• [PROBLEM TO WORK ON]
Wherever a line in the data below holds "roll", copy that line.

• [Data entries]
..............................

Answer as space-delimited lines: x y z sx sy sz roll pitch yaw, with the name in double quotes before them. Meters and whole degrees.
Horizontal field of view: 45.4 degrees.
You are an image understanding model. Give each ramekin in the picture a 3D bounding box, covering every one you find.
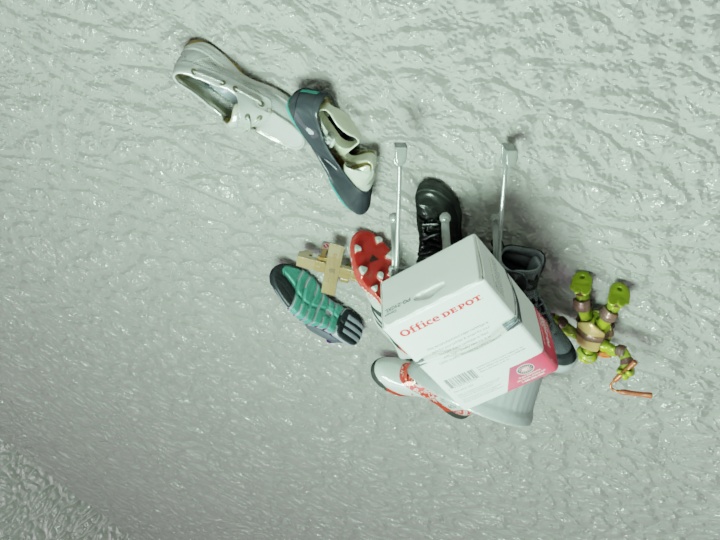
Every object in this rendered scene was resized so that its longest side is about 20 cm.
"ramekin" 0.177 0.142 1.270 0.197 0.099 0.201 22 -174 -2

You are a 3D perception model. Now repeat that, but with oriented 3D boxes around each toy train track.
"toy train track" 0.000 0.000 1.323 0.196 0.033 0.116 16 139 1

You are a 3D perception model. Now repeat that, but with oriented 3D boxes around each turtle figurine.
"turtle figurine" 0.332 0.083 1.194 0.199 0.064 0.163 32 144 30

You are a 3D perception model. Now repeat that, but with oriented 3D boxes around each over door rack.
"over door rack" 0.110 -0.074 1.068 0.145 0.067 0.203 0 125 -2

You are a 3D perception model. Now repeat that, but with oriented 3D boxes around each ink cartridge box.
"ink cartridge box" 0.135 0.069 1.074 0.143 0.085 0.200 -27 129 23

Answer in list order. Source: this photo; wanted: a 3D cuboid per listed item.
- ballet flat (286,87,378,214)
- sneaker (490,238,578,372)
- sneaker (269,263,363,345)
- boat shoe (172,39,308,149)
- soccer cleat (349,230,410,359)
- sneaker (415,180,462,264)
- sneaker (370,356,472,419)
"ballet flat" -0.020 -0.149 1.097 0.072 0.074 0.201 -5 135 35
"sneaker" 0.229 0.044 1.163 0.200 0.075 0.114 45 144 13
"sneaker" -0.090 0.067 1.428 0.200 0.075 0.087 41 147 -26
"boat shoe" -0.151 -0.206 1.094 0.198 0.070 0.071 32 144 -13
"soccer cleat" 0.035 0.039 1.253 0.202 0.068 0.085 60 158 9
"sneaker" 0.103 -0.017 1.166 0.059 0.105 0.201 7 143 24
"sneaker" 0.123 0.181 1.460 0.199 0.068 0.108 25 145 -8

..............................

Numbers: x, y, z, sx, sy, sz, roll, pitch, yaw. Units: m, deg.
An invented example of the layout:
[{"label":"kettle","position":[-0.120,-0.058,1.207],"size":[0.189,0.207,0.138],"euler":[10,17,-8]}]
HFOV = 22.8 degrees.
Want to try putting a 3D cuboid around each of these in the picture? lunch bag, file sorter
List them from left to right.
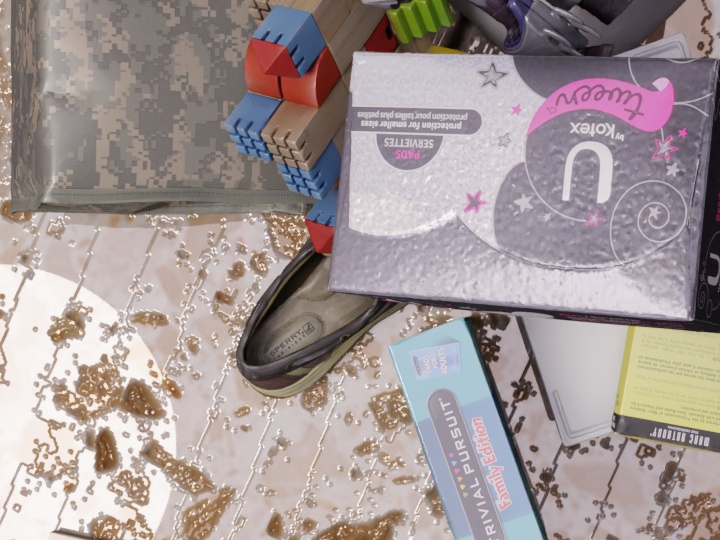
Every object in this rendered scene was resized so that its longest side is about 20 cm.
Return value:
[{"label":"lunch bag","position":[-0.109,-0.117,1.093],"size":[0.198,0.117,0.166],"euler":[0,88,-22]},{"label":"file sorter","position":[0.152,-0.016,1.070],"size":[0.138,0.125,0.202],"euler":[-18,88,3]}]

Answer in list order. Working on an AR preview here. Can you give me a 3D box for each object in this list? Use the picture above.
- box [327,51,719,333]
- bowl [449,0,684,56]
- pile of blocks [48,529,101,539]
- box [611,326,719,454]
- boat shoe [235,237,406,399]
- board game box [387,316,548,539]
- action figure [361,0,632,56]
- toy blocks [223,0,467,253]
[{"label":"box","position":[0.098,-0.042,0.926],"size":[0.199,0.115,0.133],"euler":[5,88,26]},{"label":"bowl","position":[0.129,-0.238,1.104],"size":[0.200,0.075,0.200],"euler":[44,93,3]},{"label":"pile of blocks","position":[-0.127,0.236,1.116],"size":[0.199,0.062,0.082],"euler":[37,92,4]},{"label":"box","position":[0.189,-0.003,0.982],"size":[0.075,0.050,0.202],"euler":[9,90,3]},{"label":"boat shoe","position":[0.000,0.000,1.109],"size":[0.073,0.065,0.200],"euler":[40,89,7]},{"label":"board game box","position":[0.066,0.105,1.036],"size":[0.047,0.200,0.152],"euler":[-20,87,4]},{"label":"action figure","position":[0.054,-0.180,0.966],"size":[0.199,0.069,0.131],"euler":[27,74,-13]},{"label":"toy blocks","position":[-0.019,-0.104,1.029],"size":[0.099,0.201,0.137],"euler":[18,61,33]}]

..............................

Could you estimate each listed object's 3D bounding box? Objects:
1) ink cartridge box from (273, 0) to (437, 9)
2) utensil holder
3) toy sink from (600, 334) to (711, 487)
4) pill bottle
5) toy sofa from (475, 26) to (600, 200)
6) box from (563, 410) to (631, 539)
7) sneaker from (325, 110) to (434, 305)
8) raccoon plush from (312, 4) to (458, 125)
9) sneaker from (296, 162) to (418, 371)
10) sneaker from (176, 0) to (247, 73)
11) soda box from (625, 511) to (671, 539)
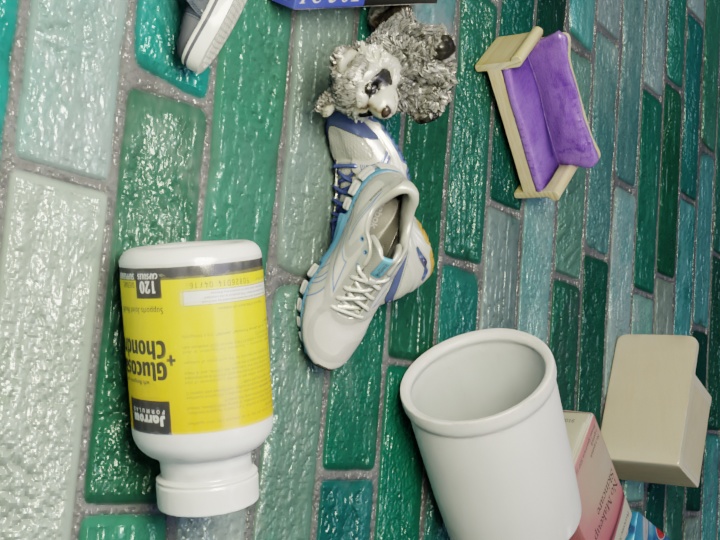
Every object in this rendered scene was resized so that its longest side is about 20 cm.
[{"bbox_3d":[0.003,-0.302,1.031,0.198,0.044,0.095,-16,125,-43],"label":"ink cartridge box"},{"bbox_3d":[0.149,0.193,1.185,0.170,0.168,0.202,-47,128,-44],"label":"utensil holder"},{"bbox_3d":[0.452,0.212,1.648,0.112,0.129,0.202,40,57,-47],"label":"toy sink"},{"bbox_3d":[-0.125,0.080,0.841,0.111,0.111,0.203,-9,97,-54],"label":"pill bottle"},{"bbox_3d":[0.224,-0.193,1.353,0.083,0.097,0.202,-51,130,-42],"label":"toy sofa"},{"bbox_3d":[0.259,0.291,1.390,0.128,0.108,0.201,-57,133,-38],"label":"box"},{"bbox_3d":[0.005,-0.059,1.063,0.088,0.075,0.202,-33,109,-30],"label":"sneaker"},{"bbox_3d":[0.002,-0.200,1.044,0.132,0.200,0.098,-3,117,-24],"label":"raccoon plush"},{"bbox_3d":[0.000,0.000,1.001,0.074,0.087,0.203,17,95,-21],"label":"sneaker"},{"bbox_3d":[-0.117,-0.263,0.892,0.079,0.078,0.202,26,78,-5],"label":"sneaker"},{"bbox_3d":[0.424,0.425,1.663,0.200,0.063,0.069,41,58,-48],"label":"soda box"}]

..............................

• [REPLY TO THE EXERCISE]
Answer as space-delimited lines: x y z sx sy sz roll pitch yaw, with the name in double quotes before them. Meters and whole degrees.
Numbers: x, y, z, sx, sy, sz, roll, pitch, yaw. Units: m, deg.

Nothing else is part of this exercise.